Your objective: Search the listing below for the string "height" and copy every line where it occurs.

----- Provided material -----

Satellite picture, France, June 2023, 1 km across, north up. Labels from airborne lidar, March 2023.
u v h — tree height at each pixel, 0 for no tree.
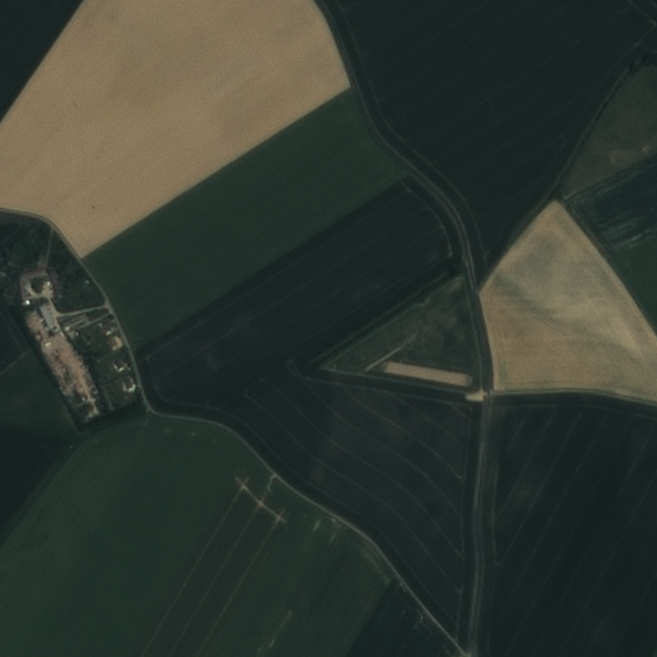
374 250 0
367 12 0
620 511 0
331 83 0
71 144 0
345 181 0
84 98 0
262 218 0
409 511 0
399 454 0
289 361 0
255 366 0
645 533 0
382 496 0
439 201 0
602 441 0
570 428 0
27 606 0
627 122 0
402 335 0
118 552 0
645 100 0
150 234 0
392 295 0
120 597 0
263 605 0
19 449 0
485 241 0
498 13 0
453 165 0
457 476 0
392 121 0
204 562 0
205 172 0
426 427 0
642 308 0
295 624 0
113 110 0
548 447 0
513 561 0
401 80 0
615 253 0
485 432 0
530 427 0
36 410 0
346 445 0
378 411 0
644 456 0
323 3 0
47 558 0
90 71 0
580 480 0
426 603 0
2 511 0
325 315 0
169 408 0
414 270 0
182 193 0
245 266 0
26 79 0
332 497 0
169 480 0
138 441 0
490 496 0
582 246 0
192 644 0
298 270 0
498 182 0
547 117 0
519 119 0
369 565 0
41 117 0
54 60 0
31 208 0
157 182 0
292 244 0
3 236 0
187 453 0
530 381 0
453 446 0
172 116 0
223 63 0
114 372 0
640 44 0
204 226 0
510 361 0
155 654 0
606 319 0
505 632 0
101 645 0
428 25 0
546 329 0
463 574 0
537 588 0
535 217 0
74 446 0
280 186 0
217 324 0
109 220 0
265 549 0
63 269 7
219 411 0
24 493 0
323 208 0
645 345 0
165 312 0
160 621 0
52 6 0
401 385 0
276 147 0
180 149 0
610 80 0
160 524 0
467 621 0
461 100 0
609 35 0
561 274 0
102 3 0
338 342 0
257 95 0
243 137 0
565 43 0
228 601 0
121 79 0
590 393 0
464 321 0
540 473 0
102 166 0
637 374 0
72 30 0
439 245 0
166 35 0
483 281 0
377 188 0
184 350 0
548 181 0
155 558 0
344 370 0
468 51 0
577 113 0
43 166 0
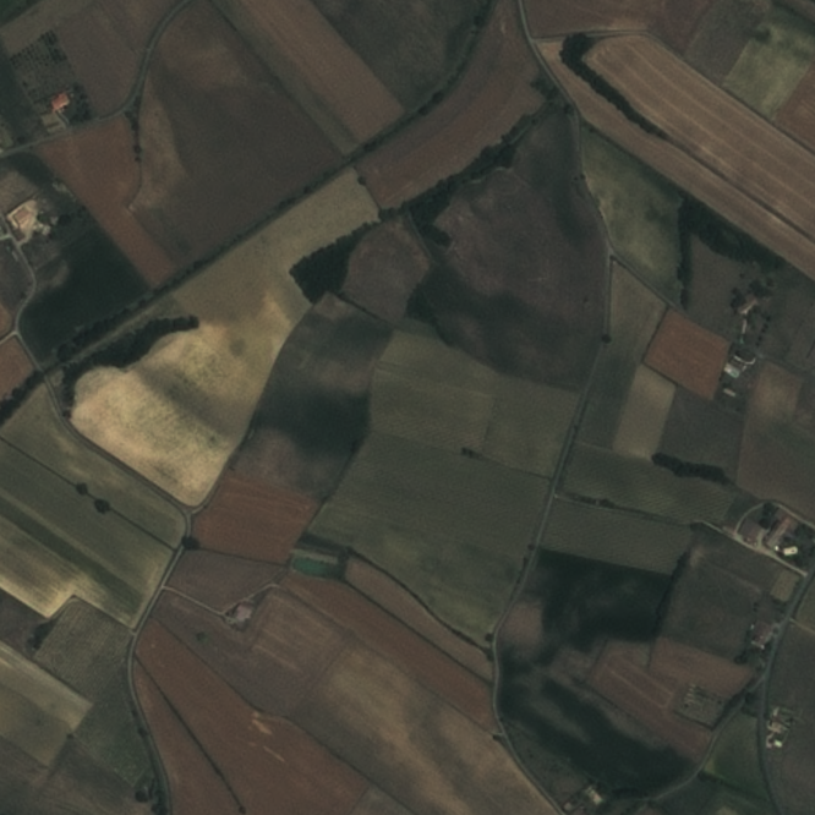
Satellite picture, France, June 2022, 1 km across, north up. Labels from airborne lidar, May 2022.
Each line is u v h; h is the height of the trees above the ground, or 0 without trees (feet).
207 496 0
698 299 0
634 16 0
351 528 0
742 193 0
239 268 0
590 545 0
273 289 0
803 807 0
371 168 0
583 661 0
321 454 0
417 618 0
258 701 0
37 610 0
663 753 0
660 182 0
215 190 0
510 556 0
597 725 0
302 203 0
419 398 0
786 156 0
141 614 0
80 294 0
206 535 0
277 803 0
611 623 0
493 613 0
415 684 0
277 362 0
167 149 0
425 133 0
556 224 0
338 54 0
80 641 0
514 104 0
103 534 0
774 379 0
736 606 0
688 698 0
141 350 37
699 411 0
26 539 0
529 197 0
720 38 0
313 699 0
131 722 0
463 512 0
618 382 0
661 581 0
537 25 0
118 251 0
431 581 0
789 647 0
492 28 0
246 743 0
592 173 0
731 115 0
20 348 0
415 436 0
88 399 0
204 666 0
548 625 0
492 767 0
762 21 0
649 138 0
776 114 0
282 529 0
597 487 0
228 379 0
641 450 0
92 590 0
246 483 0
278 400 0
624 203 0
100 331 48
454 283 0
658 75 0
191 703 0
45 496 0
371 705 0
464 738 0
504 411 0
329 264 47
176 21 0
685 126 0
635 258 0
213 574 0
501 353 0
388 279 0
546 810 0
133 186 0
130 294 0
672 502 0
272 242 0
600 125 0
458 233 0
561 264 0
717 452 0
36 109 0
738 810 0
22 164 0
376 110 0
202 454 0
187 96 0
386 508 0
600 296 0
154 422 0
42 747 0
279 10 0
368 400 0
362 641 0
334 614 0
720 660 0
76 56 0
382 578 0
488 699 0
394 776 0
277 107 0
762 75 0
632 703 0
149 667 0
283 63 0
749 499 0
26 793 0
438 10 0
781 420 0
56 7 0
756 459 0
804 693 0
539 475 0
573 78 0
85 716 0
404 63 0
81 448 0
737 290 28
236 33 0
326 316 0
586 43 25
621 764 0
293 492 0
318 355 0
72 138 0
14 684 0
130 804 0
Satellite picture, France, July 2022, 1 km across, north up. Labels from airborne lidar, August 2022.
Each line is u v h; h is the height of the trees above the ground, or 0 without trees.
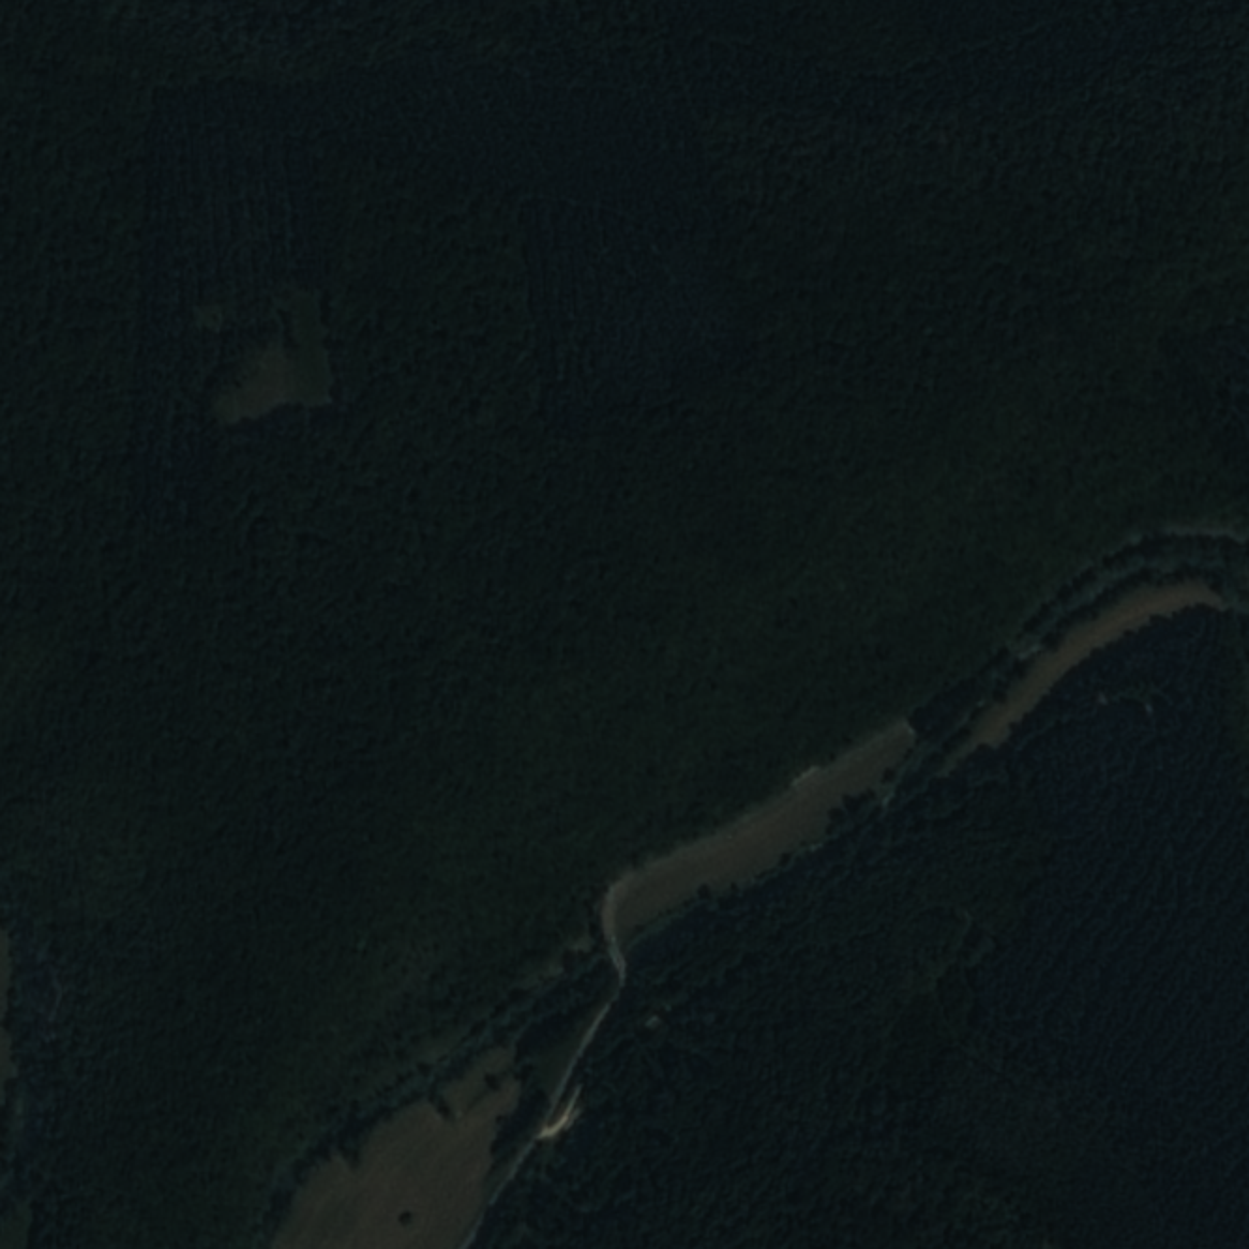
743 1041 21
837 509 15
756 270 18
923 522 15
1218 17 24
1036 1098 20
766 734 18
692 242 18
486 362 15
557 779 9
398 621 19
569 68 15
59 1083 16
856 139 21
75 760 15
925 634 23
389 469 14
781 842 0
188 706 16
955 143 17
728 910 19
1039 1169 17
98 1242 12
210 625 19
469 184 16
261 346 14
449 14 15
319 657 20
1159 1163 25
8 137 24
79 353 16
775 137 16
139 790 14
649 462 16
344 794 16
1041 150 18
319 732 18
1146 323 18
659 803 12
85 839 8
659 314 21
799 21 18
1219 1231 28
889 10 17
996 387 15
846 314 23
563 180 15
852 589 16
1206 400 11
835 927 21
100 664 19
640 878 0
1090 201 19
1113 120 20
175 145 15
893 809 8
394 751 17
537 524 19
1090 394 21
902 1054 8
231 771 16
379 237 18
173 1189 15
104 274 18
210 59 13
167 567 19
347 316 18
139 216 17
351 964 15
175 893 12
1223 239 15
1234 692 16
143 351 19
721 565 14
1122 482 21
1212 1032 28
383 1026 13
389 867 15
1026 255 22
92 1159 14
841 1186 21
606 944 14
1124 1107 25
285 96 16
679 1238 24
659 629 15
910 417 15
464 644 14
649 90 17
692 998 23
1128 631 0
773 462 19
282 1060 11
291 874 16
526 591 20
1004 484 19
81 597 22
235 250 13
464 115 12
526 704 13
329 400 0
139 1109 13
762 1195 21
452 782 17
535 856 15
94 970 15
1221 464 17
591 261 10
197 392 13
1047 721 16
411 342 19
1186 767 27
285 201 13
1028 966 29
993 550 25
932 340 19
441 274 21
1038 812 24
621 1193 21
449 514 20
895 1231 28
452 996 23
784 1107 23
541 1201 14
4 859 15
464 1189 0
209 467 17
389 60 14
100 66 16
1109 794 27
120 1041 15
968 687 30
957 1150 20
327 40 19
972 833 19
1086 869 29
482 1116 0
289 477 14
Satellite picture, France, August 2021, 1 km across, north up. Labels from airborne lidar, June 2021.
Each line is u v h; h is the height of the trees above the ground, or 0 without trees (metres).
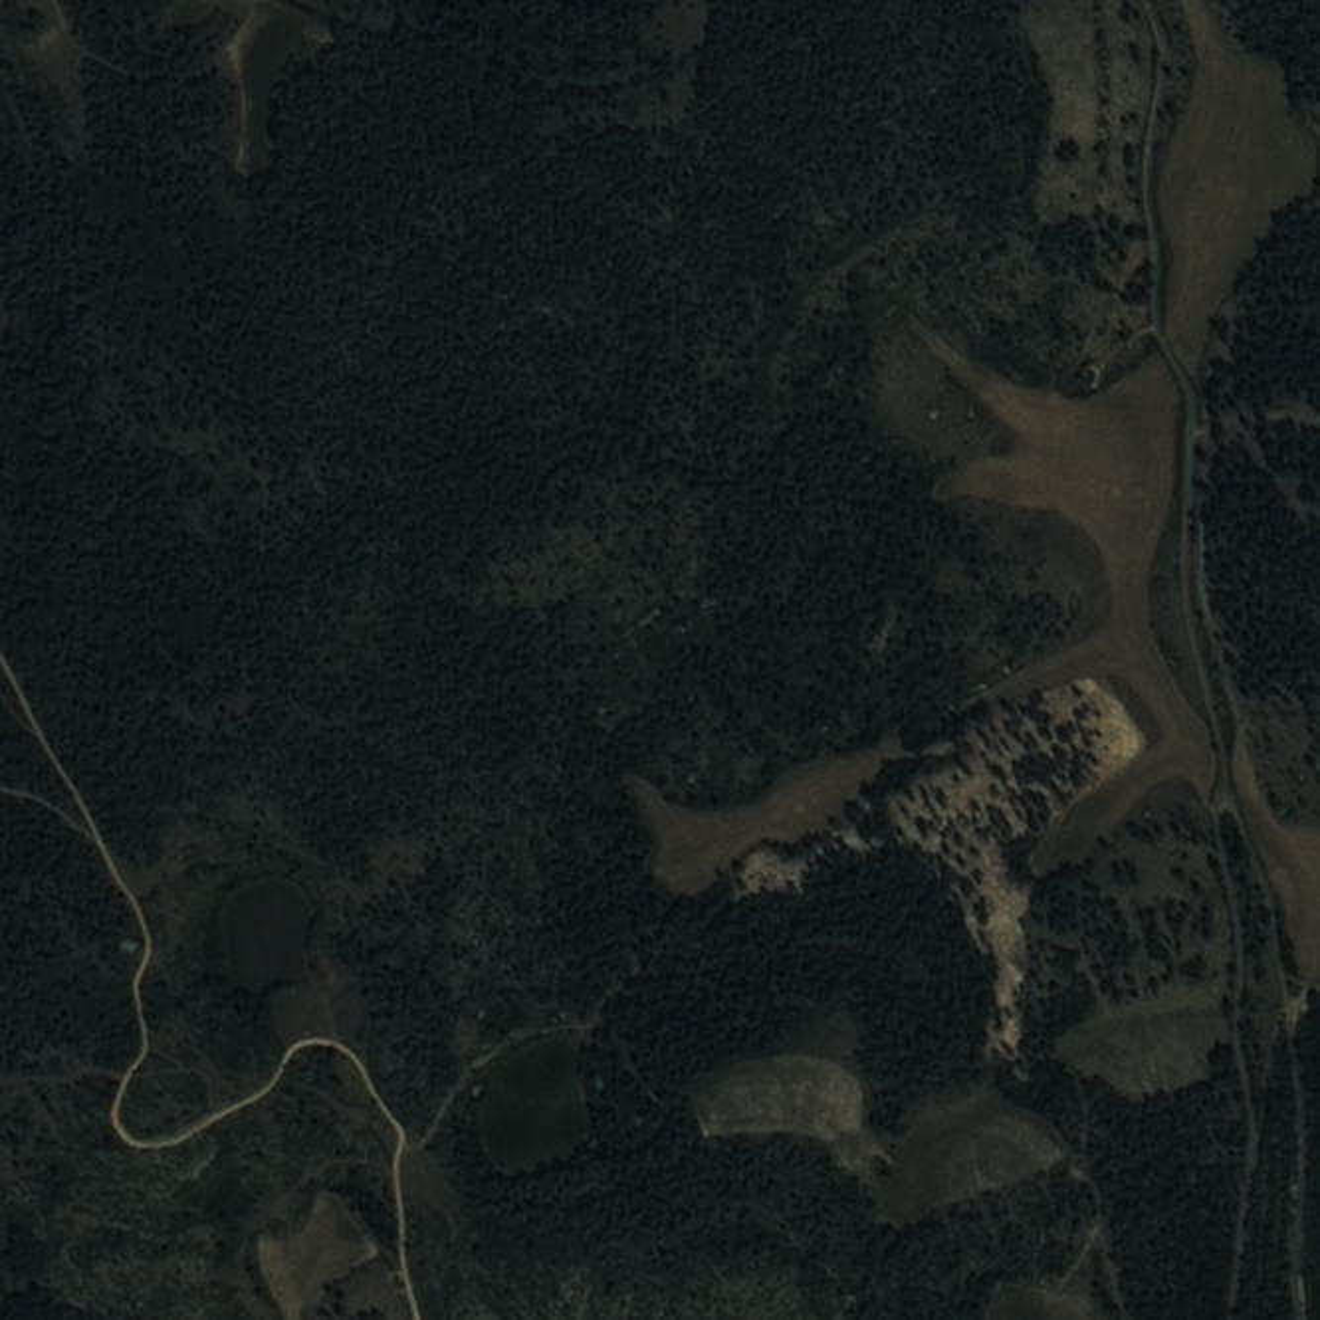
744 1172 6
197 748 8
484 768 8
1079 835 0
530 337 8
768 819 0
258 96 0
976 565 10
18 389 8
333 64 9
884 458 9
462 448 10
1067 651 0
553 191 7
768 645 9
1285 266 10
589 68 8
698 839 0
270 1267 0
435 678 9
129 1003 7
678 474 12
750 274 12
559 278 6
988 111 10
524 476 8
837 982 6
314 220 8
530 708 8
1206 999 0
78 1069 0
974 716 8
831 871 10
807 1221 8
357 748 6
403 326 9
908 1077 9
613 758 11
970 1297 9
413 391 8
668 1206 7
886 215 10
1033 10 0
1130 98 0
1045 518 0
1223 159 0
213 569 7
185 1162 0
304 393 6
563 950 10
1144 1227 14
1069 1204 7
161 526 12
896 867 9
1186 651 0
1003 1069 7
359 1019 0
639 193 7
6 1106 0
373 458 7
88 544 8
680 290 7
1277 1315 7
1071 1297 0
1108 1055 0
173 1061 0
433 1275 0
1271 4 11
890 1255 10
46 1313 14
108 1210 0
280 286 7
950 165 9
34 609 8
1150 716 0
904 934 7
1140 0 0
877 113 6
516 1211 9
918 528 10
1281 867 0
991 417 0
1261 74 0
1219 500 8
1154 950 9
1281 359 10
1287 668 8
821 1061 0
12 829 7
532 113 11
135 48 9
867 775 0
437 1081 8
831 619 6
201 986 8
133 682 7
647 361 9
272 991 8
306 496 8
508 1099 0
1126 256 9
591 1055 8
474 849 8
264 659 9
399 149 8
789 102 9
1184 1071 0
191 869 7
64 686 7
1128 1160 8
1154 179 0
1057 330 8
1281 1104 8
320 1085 9
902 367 0
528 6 8
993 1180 0
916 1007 7
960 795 0
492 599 9
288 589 9
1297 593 7
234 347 9
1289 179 0
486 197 6
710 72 11
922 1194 0
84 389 9
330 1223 0
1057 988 10
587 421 11
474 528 8
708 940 7
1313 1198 8
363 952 7
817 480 13
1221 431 12
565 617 9
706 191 9
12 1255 13
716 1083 0
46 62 0
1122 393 0
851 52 7
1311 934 0
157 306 8
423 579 8
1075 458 0
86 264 7
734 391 8
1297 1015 0
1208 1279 15
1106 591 0
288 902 0
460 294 10
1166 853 0
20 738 9
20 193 10
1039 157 10
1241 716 0
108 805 7
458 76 11
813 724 11
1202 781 0
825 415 9
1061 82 0
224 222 7
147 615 10
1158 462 0
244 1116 0
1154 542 0
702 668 7
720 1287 0
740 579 8
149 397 8
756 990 8
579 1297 0
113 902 7
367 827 7
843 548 8
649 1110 9
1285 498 12
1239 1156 8
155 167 8
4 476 6
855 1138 0
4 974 9
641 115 0
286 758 8
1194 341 0
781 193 7
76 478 9
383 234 10
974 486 0
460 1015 10
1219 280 0
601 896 7
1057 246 9
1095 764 9
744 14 10
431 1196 0
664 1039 7
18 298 7
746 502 9
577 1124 0
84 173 0
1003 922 0
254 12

-----

Answer section:
u v h — tree height at each pixel, 0 for no tree.
Each line is u v h; h is the height of the trees above the ground, or 0 without trees (feet).
Each line is u v h; h is the height of the trees above the ground, or 0 without trees.
Each line is u v h; h is the height of the trees above the ground, or 0 without trees (metres).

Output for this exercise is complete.